OPM, through its Federal Investigative Services division, conducted more than 2 million investigations of various types during fiscal 2009. That makes the agency a major steward of U.S. citizens' personal data, says the GAO in a report dated Sept. 7 but released publically Oct. 7.

And while OPM has conducted privacy risk assessments for the systems that hold information culled from background investigations, it hasn't identified controls to handle privacy risks, or even assess the systems' risks to privacy, the report states. The privacy risk assessments of two key systems, the Personnel Investigations Processing System (PIPS-R)--Reporting and the Electronic Questionnaires for Investigations Processing (e-QIP), were last updated in August 2007.

In addition, although OPM does require customer agencies to sign memorandum of understandings over the protection of background investigation data, OPM is still responsible for ensuring that personal information is protected even while at rest at other agencies, the GAO report says. But, OPM doesn't monitor agencies adherence to the protection stipulations of OPM, meaning that OPM "may not be meeting its responsibility" to protect that data, the report adds.

GAO auditors also found that no process exists within OPM to ensure that investigators comply with privacy protection policies as they perform field work. Field investigators have been involved in more than 80 percent of incidents involving lost or stolen paper files within the Federal Investigative Services in recent years.

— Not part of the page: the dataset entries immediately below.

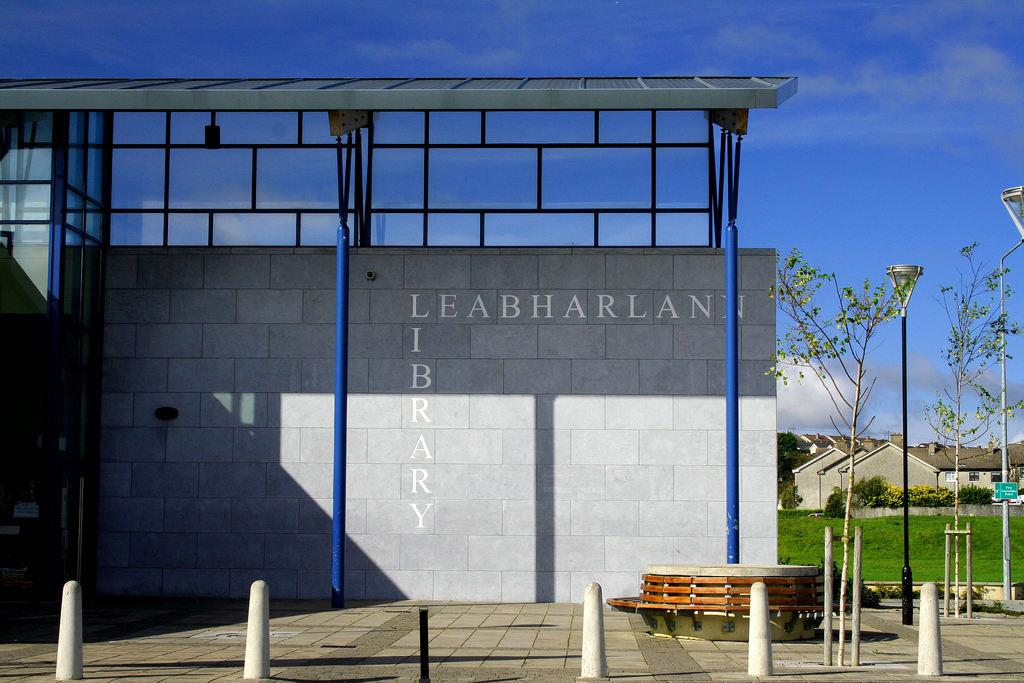What is written or depicted on the wall in the image? There is a wall with text in the image. What type of natural environment can be seen in the background of the image? There is grass visible in the background of the image. What type of structures can be seen in the background of the image? There are houses in the background of the image. What is visible in the sky in the background of the image? Clouds are present in the sky in the background of the image. How many mice are hiding behind the houses in the image? There are no mice visible in the image; it only shows a wall with text, grass, houses, and clouds in the sky. 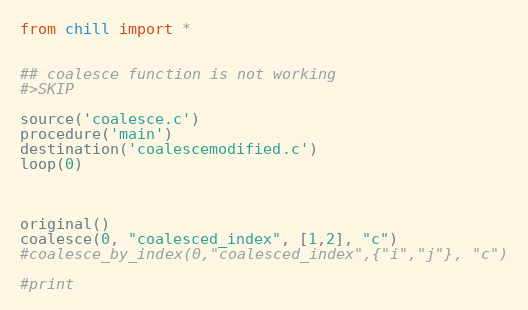<code> <loc_0><loc_0><loc_500><loc_500><_Python_>from chill import *


## coalesce function is not working
#>SKIP

source('coalesce.c')
procedure('main')
destination('coalescemodified.c')
loop(0)



original()
coalesce(0, "coalesced_index", [1,2], "c")
#coalesce_by_index(0,"coalesced_index",{"i","j"}, "c")

#print
</code> 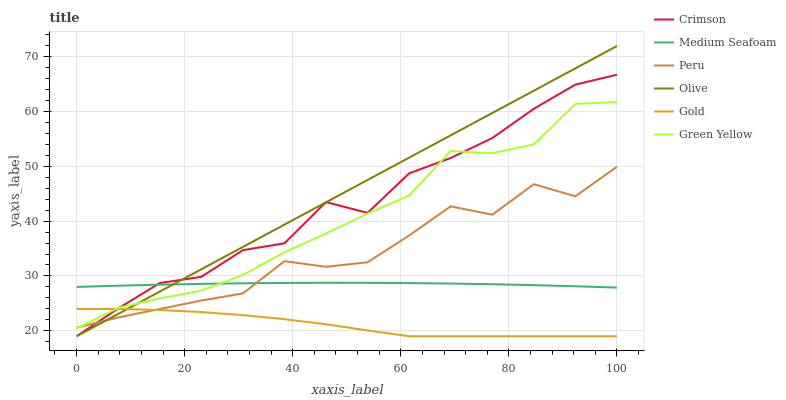Does Gold have the minimum area under the curve?
Answer yes or no. Yes. Does Olive have the maximum area under the curve?
Answer yes or no. Yes. Does Peru have the minimum area under the curve?
Answer yes or no. No. Does Peru have the maximum area under the curve?
Answer yes or no. No. Is Olive the smoothest?
Answer yes or no. Yes. Is Peru the roughest?
Answer yes or no. Yes. Is Peru the smoothest?
Answer yes or no. No. Is Olive the roughest?
Answer yes or no. No. Does Gold have the lowest value?
Answer yes or no. Yes. Does Peru have the lowest value?
Answer yes or no. No. Does Olive have the highest value?
Answer yes or no. Yes. Does Peru have the highest value?
Answer yes or no. No. Is Gold less than Medium Seafoam?
Answer yes or no. Yes. Is Medium Seafoam greater than Gold?
Answer yes or no. Yes. Does Olive intersect Green Yellow?
Answer yes or no. Yes. Is Olive less than Green Yellow?
Answer yes or no. No. Is Olive greater than Green Yellow?
Answer yes or no. No. Does Gold intersect Medium Seafoam?
Answer yes or no. No. 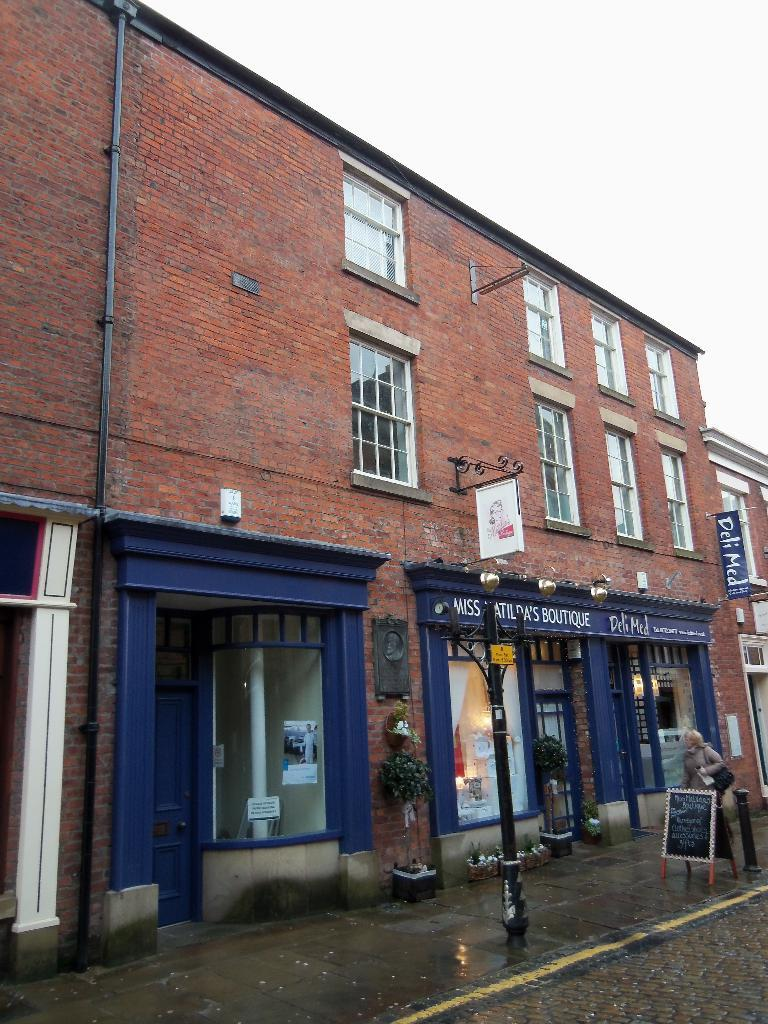What type of structure is in the image? There is a building in the image. What is located beneath the building? There are stores under the building. What can be seen in the foreground of the image? There is a path in the foreground of the image. What is present on the path? Plants and a street light are visible on the path. What else can be found on the path? There is a board on the path. What type of punishment is being administered to the boat in the image? There is no boat present in the image, and therefore no punishment can be observed. What type of apparel is being sold in the stores under the building? The provided facts do not mention the type of stores or the products they sell, so we cannot determine what type of apparel is being sold.

OPM, in its response to the draft of the GAO report (which is not included in the final report), agreed with all of GAO's recommendations, but said it would be misleading to suggest that there is no oversight or monitoring of field investigators. The report acknowledges that OPM has recently started conducting physical audits of regional field investigation offices, but says those audits don't examine how field investigators protect data while traveling to conduct interviews. Nor do they ensure that only appropriate information is being gathered, the report adds.